Given this positive result, it is not surprising that employees now feel more empowered and responsible, an outcome employers won't want to lose.
Furthermore, workers feel that they are recognised more when they do something well and that their views are listened to more. Trust has had to be given to home workers and they have responded by saying that they are more productive, up eight percentage points.
It has also led to a healthier relationship between managers and workers in many instances, with people saying that they have a good relationship with their line manager having gone up from 70 per cent to 76 per cent.
I'm not a fan of averages. If your head is in the oven and your feet in the fridge, you're an average temperature! An organisation knowing the average scores for employee engagement is all well and good but the real gold is in understanding the highs and lows. So below I've drawn out some of the key points for different groups.
Over the lockdown period we have seen men become increasingly happy at work. In a reversal of 2019, men have overtaken women slightly, with the latter group feeling least heard at work. Childcare responsibilities during lockdown fell usually to women who suddenly had to juggle caring and teaching children as well as working their usual 9pm-5pm job.
We have seen an improvement in happiness across all age groups this year, although 19-24-year-olds have beneﬁted the least over lockdown, mainly due to a lack of face-to-face direction from more senior team members and the absence of socialising.
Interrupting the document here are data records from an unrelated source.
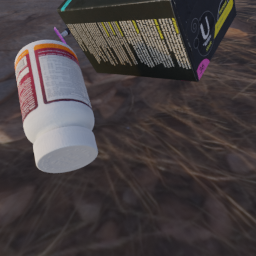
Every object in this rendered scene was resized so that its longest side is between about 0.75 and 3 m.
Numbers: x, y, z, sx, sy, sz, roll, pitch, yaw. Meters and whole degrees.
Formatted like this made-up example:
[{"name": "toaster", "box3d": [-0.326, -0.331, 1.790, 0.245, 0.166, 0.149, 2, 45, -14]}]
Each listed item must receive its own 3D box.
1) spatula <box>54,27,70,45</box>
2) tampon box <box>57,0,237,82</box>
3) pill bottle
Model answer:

Younger workers usually have a poorer work environment than their older colleagues, often sharing a home with flat mates, and their productivity is more likely to be affected. Younger workers are much keener to return to the office than older workers because older workers believe that they can be more efficient working from home.
There continues to be a worrying ethnicity gap, especially at work. Our data shows that black women are the least likely to feel empowered at work and black men are the least happy at work. The data also reveals a pay gap among ethnicities, with white men and women happier with their pay than all other groups.
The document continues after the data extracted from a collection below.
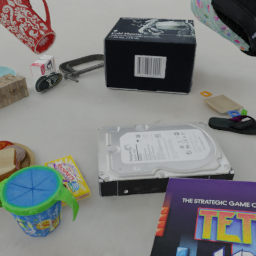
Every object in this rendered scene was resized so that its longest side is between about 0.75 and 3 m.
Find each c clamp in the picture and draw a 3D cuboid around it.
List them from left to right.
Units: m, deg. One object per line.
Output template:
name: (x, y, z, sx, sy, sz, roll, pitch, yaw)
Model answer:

Hospitality and retail rank poorly in the Happiest Industries Table, which isn't surprising considering the impact lockdown restrictions continue to have on both sectors. People working in technology are the happiest.
Looking forward, three-quarters of managers currently working from home want to keep doing so in some form post-pandemic. While management score more highly on having company-wide information, they score less well in having sufficient knowledge to do their jobs, meaning training is an issue.
Our research recognises there are things that work less well now than before: creativity, connection, training and career development. Not everyone has a comfortable home or conducive working conditions. So, after the revolution in working practices wrought by the pandemic, I think there needs to be a period of evolution in how we work.
It seems clear to me that we won't be going back to the way we were. Our research shows that just 18 per cent of employees want to return to how it was. Furthermore, there are benefits for employers too from a new more flexible and empowered workforce.
2021 will be the year when employers and employees decide what the new work normal will be; no doubt there needs to be further changes, but we're set for a bright new future at work, in or out of the office.